**TASK INSTRUCTIONS:**
Every line below that mentions the word "bounding" should be copied out.

**MATERIAL SUPPLIED:**

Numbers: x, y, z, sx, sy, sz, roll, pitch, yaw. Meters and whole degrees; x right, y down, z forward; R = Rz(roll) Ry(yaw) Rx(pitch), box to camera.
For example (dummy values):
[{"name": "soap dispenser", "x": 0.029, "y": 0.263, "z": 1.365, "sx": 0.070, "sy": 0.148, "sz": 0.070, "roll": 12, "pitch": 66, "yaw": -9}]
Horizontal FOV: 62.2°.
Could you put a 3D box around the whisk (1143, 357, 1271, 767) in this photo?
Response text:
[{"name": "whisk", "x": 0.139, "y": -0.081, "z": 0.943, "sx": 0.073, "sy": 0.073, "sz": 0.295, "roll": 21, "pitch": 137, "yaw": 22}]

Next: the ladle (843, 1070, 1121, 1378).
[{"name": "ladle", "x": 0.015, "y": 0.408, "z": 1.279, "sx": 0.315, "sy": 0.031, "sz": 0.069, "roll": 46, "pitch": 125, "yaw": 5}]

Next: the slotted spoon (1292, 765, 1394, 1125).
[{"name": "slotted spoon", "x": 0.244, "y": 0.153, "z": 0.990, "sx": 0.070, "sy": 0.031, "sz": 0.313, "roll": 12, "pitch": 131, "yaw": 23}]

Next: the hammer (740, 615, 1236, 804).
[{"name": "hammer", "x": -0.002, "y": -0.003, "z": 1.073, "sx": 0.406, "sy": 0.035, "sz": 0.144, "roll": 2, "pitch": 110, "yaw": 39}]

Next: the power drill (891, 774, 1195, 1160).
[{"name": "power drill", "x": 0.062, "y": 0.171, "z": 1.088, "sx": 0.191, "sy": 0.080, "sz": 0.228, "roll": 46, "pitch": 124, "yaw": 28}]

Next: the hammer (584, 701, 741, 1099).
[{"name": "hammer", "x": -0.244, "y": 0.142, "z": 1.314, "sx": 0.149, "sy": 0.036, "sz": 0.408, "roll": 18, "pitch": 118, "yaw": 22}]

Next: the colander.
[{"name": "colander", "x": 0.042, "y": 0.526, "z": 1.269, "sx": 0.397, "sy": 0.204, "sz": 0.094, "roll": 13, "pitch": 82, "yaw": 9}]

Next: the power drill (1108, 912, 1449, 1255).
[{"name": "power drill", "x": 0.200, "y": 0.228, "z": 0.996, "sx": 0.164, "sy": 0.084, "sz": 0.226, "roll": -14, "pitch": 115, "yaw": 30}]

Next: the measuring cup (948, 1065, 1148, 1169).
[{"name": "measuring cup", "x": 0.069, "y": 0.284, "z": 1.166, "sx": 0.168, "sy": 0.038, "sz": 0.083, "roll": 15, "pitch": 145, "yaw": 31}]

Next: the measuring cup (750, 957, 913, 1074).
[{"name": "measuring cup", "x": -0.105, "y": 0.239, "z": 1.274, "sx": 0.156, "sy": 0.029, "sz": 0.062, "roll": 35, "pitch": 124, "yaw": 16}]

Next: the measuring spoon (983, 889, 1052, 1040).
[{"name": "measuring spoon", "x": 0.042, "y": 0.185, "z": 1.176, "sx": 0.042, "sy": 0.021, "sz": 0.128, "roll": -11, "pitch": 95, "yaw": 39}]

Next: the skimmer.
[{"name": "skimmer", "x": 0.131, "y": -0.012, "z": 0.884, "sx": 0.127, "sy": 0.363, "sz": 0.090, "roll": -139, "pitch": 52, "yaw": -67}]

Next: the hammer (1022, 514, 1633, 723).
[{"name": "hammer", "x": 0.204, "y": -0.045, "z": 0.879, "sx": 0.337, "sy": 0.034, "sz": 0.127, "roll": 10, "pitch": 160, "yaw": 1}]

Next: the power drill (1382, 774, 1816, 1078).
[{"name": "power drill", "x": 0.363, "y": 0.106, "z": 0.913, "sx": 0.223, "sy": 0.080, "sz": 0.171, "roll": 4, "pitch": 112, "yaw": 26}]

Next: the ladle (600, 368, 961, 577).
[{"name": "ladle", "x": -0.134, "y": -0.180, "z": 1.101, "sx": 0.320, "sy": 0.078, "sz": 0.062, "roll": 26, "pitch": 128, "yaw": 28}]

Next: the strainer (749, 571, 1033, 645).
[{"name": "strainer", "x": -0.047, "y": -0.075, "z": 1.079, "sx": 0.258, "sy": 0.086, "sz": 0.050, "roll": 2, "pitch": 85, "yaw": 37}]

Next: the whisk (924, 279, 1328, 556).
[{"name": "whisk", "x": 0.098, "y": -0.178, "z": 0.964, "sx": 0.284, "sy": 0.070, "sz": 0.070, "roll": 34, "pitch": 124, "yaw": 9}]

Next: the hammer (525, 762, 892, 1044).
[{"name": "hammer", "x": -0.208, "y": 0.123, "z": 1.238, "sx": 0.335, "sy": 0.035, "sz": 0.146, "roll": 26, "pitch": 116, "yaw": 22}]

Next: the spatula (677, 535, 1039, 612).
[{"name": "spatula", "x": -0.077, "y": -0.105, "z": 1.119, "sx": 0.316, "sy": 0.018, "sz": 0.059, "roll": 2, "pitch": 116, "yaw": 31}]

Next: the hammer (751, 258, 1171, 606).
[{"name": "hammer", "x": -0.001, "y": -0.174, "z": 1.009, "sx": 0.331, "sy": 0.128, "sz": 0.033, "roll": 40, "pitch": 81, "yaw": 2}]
...
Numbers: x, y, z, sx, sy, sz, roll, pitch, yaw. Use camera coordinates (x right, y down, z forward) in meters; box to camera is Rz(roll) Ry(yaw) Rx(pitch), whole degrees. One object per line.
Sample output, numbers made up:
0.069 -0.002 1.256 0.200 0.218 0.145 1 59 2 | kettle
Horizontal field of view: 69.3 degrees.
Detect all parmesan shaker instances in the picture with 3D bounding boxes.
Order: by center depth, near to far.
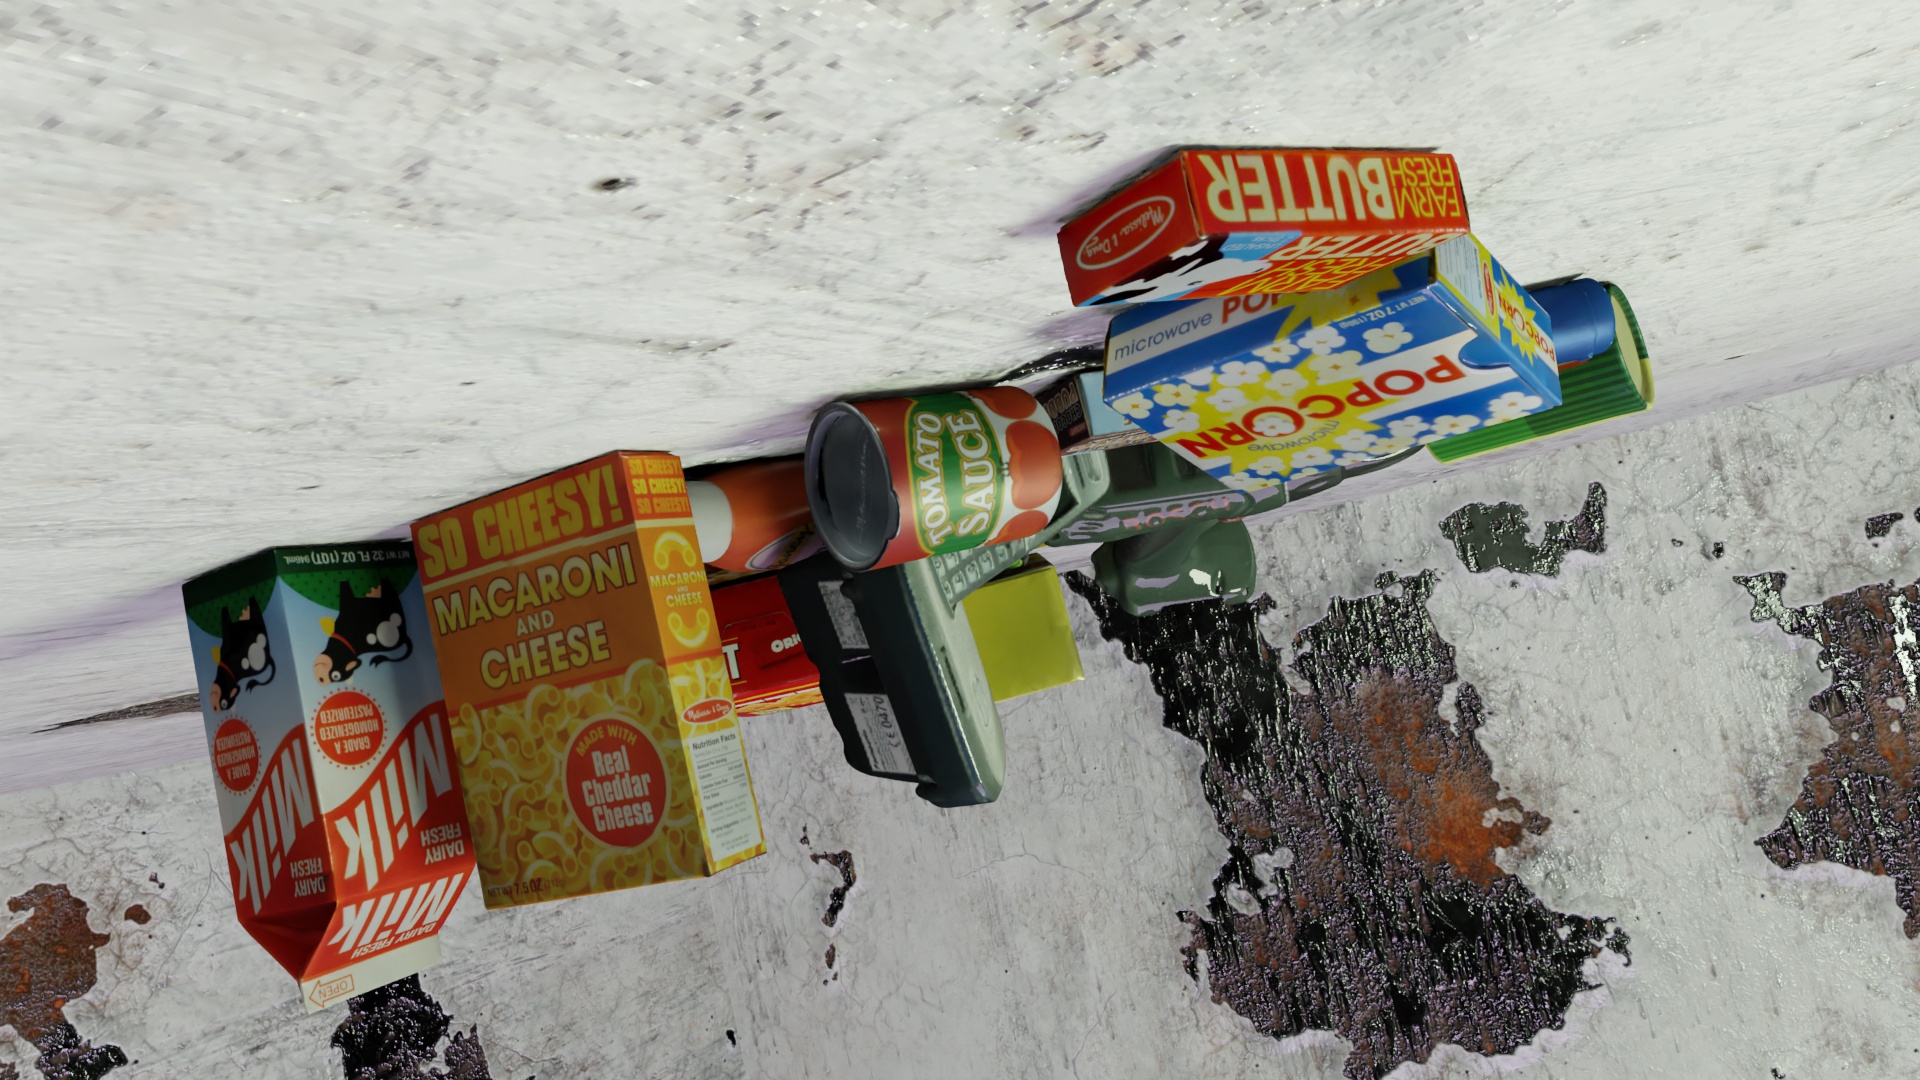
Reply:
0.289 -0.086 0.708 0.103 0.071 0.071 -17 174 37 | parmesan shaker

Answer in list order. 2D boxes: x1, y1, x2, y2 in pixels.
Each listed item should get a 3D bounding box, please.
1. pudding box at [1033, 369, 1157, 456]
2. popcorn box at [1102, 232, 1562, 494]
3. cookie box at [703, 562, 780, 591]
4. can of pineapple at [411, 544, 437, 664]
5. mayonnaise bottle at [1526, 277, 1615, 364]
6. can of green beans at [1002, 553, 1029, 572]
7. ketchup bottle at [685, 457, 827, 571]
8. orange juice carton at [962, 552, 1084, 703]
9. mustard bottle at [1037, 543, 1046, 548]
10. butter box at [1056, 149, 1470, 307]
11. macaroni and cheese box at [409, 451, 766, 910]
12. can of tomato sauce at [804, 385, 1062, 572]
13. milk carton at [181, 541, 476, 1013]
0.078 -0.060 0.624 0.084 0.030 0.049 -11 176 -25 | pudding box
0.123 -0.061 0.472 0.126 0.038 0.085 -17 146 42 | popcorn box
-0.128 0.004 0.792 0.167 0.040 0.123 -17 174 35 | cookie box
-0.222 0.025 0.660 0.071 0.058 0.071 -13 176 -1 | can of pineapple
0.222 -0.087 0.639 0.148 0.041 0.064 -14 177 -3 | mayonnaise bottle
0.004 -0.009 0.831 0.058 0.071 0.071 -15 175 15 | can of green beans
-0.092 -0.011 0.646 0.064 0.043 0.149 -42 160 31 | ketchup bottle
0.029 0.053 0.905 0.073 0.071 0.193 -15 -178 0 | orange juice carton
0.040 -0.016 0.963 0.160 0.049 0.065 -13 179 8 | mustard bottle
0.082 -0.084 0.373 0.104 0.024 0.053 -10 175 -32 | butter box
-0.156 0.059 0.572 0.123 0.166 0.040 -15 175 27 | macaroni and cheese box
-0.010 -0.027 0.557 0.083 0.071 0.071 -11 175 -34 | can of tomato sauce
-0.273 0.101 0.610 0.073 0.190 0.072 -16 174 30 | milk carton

**SOLUTION TO THIS TASK:**
Detect all parmesan shaker instances in the picture with 3D bounding boxes.
Each listed item should get a 3D bounding box, please.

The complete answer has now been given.